Although economists maintain that the Malaysian economy is essentially sound, they believe the dramatic belt-tightening is much needed to avert any deeper economic turmoil. These policies, if effectively enforced, are expected to push interest rates and inflation rates up, slow domestic investment and consumption, dampen stock-market activity, and erode corporate earnings in the coming year and possibly beyond. The measures could also precipitate bankruptcies and increase unemployment.

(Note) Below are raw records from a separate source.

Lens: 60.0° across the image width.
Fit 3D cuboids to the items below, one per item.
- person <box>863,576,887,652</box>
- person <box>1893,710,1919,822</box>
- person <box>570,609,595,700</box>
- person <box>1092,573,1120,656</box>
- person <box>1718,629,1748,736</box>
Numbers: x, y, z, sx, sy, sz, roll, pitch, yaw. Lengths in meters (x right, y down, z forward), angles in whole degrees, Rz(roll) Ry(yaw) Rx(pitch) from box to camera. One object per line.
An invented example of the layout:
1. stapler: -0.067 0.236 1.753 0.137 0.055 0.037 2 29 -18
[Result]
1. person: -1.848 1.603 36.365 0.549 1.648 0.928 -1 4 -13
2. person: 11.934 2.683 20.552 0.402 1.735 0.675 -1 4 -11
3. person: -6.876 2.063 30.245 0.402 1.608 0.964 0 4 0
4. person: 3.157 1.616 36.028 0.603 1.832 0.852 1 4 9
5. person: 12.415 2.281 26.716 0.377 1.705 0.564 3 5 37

The government has announced that many of Mahathir’s showy projects will be shelved or delayed indefinitely. Some of the more prominent delayed projects include the highly controversial RM15 billion ($5 billion) Bakun hydroelectric dam planned to be built in Sarawak; a RM10 billion ($2 billion) road, rail, and pipeline project; and the RM10 billion ($2 billion) Linear City project. Malaysia is proceeding with the RM1.8 billion ($250 million) gas pipeline project linking peninsular Malaysia and southern Thailand, but the fate of the Kedah coastal reclamation project is unclear. The Public Works Ministry announced that it aims to achieve 25 percent reductions in expenditures during the Seventh Plan period (1996-2000).
The region's sharp financial deterioration, in addition to Malaysia's cutbacks, will likely have a significant impact on foreign direct investments. Under the Seventh Plan, the government hoped to attract more than $150 billion in private investment, 40 percent of it from abroad. The United States, Malaysia's biggest export market, has been a major foreign investor, with cumulative private investments of over $8 billion. Approximately 65 percent of this investment is in the oil and gas sector. The remainder is in manufacturing, particularly semiconductors and electronic products. Recent figures indicate a slowing of U.S. investments, in part due to financial uncertainties sweeping the region.
It remains to be seen how firmly the Malaysian Government will adhere to its economic policy changes. There are continuing concerns that Mahathir may be reluctant to implement such drastic steps for political reasons. Analysts agree that for now the leader must restore confidence in Malaysia's economy and the government's ability to stave off deeper crisis. If implemented fully, the austerity package, while leading to a painful shakeout, has the potential to ultimately put the economy on more solid ground for future growth.